# Audi A6 Drives Over American Roads With Latest Ad



## Jetta30 (Sep 5, 2011)

Audi takes advantage of the American market during these hard and struggling times. Not a good marketing move by the German automaker in an effort to increase their sales in the States. I prefer BMW anyway. 

http://carbuzz.com/news/2011/9/24/Video-Audi-Rips-America-Tells-you-to-Buy-Their-A6-7704937/


----------



## EK20 (Sep 28, 2004)

I've seen the ad in question. I don't see what they have a problem with. Anyone who's driven in this country knows the roads aren't great.


----------



## mithril (Feb 6, 2003)

EK20 said:


> I've seen the ad in question. I don't see what they have a problem with.

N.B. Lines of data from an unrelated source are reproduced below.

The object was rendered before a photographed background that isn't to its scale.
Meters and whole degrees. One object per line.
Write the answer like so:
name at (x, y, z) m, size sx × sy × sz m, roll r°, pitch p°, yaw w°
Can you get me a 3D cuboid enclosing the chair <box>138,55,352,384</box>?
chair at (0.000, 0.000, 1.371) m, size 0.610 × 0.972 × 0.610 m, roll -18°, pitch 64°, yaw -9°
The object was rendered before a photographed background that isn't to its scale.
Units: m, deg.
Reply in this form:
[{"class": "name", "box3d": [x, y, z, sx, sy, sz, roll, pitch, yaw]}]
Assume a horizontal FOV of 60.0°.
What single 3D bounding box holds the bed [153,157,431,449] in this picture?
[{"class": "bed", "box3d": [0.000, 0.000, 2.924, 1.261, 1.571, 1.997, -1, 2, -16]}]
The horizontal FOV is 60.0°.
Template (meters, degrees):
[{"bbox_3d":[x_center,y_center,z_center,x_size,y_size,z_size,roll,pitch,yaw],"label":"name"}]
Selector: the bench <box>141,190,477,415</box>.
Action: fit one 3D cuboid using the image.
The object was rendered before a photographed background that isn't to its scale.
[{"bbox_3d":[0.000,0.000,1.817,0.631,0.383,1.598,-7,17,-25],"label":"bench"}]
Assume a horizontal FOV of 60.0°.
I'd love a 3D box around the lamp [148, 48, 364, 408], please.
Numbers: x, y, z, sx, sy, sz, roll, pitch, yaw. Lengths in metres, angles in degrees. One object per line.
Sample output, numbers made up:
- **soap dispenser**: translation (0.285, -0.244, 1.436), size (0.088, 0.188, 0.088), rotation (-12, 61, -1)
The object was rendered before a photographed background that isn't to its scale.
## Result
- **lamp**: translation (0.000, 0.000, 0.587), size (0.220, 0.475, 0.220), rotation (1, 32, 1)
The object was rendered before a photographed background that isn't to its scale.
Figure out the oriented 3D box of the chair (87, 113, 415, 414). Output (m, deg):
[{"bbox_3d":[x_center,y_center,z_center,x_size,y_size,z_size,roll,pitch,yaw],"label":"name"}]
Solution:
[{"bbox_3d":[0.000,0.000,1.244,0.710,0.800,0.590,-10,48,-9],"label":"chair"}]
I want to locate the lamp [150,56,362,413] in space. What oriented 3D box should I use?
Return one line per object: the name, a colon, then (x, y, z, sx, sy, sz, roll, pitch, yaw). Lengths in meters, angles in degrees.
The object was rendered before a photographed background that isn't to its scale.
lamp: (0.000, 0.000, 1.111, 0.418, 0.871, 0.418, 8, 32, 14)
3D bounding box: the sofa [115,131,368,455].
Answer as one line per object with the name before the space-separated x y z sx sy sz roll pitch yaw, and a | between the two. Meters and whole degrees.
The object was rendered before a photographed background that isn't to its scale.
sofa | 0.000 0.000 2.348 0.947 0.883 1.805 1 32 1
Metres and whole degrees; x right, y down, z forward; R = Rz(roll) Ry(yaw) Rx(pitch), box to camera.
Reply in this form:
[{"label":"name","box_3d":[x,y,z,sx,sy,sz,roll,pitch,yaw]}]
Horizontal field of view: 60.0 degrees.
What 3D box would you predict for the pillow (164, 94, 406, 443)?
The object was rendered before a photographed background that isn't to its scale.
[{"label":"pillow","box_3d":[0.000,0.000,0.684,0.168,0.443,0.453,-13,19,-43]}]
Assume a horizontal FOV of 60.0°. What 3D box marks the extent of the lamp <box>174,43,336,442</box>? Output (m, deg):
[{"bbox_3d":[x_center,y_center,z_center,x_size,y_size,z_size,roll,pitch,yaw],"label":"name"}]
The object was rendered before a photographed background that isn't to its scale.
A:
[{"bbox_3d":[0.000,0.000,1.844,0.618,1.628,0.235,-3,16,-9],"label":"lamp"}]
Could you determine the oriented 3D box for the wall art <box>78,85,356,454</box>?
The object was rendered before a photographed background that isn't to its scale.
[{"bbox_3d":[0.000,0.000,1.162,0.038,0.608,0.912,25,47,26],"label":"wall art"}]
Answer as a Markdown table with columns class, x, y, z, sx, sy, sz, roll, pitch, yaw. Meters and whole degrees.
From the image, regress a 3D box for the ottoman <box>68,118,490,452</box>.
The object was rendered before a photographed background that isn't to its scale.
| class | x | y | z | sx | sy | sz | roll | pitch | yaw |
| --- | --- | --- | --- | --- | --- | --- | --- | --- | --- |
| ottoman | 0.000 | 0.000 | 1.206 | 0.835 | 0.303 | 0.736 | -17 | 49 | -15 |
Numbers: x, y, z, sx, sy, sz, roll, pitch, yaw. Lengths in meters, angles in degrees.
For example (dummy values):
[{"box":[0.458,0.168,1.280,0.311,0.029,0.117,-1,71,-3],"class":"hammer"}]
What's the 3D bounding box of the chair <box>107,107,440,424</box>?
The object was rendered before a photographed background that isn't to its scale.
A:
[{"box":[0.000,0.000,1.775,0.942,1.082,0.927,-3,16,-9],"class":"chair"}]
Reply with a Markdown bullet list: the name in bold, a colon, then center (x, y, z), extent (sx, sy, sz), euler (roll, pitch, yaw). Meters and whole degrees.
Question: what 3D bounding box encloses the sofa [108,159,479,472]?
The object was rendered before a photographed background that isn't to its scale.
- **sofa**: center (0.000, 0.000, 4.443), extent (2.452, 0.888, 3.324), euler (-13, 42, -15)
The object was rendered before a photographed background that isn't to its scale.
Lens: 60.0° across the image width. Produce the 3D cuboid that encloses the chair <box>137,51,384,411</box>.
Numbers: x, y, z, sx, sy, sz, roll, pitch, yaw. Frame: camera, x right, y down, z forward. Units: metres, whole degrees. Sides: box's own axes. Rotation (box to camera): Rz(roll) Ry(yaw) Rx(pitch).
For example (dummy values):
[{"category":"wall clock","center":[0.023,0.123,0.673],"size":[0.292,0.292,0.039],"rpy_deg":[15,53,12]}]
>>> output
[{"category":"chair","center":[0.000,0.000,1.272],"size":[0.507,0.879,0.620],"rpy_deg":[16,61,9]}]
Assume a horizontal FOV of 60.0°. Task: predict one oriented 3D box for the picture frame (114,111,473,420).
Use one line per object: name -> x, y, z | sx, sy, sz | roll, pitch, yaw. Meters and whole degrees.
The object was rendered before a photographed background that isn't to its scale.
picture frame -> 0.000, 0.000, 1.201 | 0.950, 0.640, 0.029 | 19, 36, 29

Anyone who's driven in this country knows the roads aren't great.


Bingo. It's not like there's anything untruthful being said there, the fact that it's not a "rah rah the USA is the greatest so we made our best ever car just for you" style ad offends the delicate self-image of one basically meaningless car blog site is irrelevant.


----------



## EK20 (Sep 28, 2004)

Yeah. Someone obviously got some sand in their crack over nothing.


----------



## MikkiJayne (Jan 1, 2007)

*FV-QR*

Hahaha I love that! Your roads are rubbish and you're all stupid - buy an A6 :laugh:


----------



## skennedy1023 (Mar 4, 2006)

when they show the a6 its being driven on good pavement and without distraction of any kind... hahaha the a6 does look pretty good though!


----------